Evolve
You were the seal of perfection, full of wisdom and perfect in beauty. […] You were blameless in your ways from the day you were created, till wickedness was found in you. […] Your heart became proud on account of your beauty, and you corrupted your wisdom because of your splendor.
So I threw you to the earth; I made a spectacle of you before kings.
Ezekiel 28:12-17
Satan, Beelzebub, Lucifer, the Devil, are some of the names of this mythical character, who is, among other things, an archetype of ambition and evil. Why, then, is there such a deep attraction to him?
Lucifer, literally “carrier of light”, already existent in Roman mythology, was the name used to refer to Venus, the morning star that can be seen close to the horizon before dawn in certain seasons. This is a terrestrial star, closer than any other to the world of man. In the Christian tradition, Lucifer is a fallen angel, one of God’s beloved sons, the brother of other angels, until his beauty and pride filled him with evil and his creator decided to make an example out of him and thus banished him from Heaven, condemning him to Hell.
In modernity, and specifically from the 17th century onwards, the figure of Lucifer began to undergo profound change. One of the artists that would play a key role in this transformation was the English poet John Milton, whose epic poem Paradise Lost, published in 1667, is starred by Satan. Milton’s Devil proved an odd combination since it portrayed that evil being which Christianity was more than familiar with, but presented as a rather ingenious, witty and beautiful being.
This tradition, or infatuation, would continue throughout England and the rest of Europe, by the hand of the greatest authors of the 19th century: Romanticism would find Lucifer extremely attractive and magnetic. Mephistopheles, in Goethe's Faust (1808), would also figure as a captivating character and (why not?), an appealing one.
The list of artists that portray Lucifer in this fashion is endless, and deserves its own books. Yet currently, in every artistic discipline, the Devil is present: from Roman Polanski’s films to countless musicals and songs (like the more obvious Sympathy for the Devil by The Rolling Stones). In this sense, the archetype and its seductive features would live on in figures closer to us like Lord Byron, or even James Dean.

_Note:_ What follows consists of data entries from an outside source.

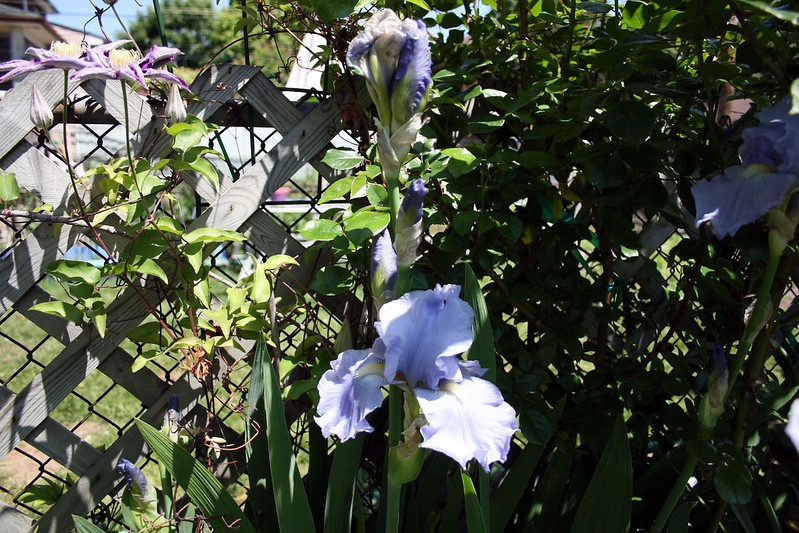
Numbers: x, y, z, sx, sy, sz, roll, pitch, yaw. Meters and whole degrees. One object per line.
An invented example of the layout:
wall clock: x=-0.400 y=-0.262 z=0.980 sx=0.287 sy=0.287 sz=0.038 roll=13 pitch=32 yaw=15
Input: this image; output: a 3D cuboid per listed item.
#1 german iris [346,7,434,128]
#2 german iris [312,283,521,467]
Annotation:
german iris: x=-0.014 y=-0.450 z=1.707 sx=0.185 sy=0.174 sz=0.313 roll=-7 pitch=-74 yaw=-16
german iris: x=0.035 y=0.248 z=1.749 sx=0.443 sy=0.558 sz=0.243 roll=6 pitch=-70 yaw=-2
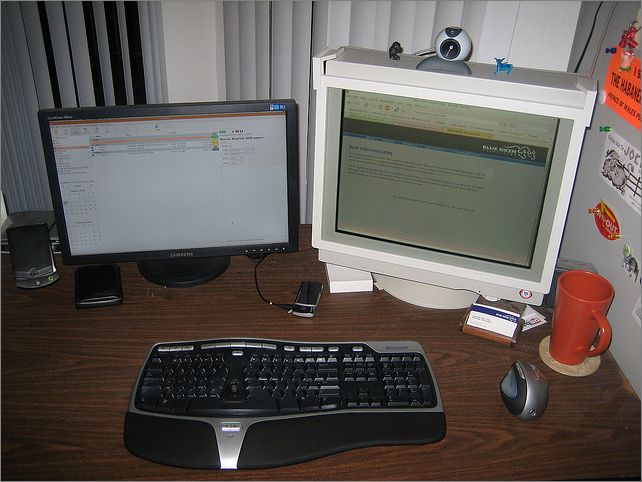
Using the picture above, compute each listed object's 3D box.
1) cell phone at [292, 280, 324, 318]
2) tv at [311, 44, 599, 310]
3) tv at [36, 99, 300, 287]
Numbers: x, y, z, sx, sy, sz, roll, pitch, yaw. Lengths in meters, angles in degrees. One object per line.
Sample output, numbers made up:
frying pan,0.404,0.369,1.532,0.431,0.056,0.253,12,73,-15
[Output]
cell phone,-0.038,0.151,1.288,0.060,0.023,0.126,6,35,10
tv,0.299,-0.134,1.170,0.577,0.536,0.261,12,32,7
tv,-0.365,-0.122,1.257,0.602,0.439,0.205,-4,19,-11
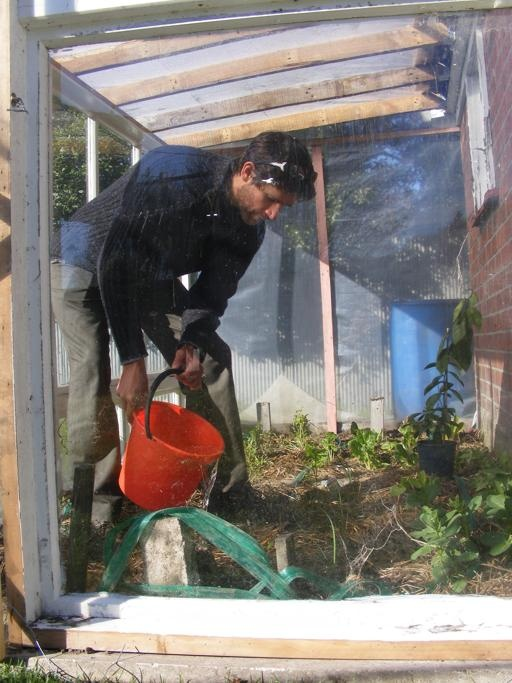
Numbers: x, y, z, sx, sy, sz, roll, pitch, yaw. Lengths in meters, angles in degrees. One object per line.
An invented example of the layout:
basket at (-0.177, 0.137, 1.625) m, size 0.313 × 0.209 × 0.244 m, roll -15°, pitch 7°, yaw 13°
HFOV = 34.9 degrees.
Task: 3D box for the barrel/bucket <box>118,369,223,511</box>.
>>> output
barrel/bucket at (-0.235, 0.289, 2.370) m, size 0.272 × 0.411 × 0.268 m, roll -1°, pitch -6°, yaw 0°

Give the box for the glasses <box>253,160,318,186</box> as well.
glasses at (0.079, -0.473, 2.337) m, size 0.115 × 0.045 × 0.087 m, roll 2°, pitch 1°, yaw 41°

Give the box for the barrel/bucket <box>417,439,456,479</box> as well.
barrel/bucket at (0.496, 0.325, 2.249) m, size 0.103 × 0.081 × 0.107 m, roll 2°, pitch 1°, yaw 0°
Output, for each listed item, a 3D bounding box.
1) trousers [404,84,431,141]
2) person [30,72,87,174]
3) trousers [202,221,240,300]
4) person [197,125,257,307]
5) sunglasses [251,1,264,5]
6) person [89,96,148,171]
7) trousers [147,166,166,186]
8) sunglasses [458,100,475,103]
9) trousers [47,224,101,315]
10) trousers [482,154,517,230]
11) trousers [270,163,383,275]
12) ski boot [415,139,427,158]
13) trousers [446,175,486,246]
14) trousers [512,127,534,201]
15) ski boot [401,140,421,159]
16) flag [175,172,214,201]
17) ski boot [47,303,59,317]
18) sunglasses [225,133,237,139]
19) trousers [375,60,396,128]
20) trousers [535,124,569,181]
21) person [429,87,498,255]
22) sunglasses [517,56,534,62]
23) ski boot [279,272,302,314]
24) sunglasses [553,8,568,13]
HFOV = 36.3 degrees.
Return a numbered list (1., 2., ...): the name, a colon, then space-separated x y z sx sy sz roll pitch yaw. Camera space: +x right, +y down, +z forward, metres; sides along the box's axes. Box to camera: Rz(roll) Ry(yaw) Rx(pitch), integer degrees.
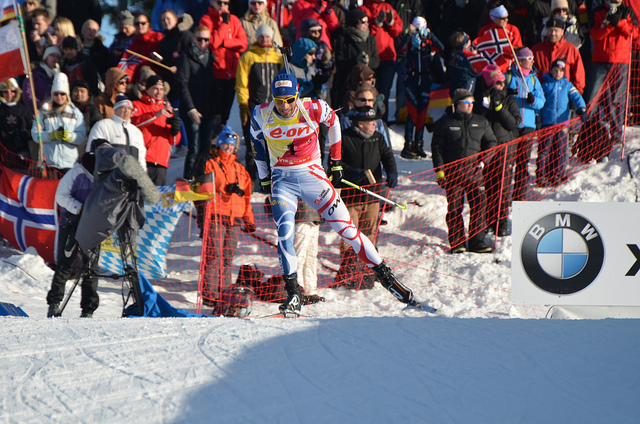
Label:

The great manipulator, carrier of otherworldly beauty and mysterious, the Devil creates something similar to Prometheus. Both, the exiled angel and the legendary Greek titan (and their long list of heirs) are greatly rebellious figures —one of the most prominent characteristics of the Romantic spirit and of modernity. They are extremely brave and transgressive characters, capable of challenging the most powerful forces and the gods that rule the world.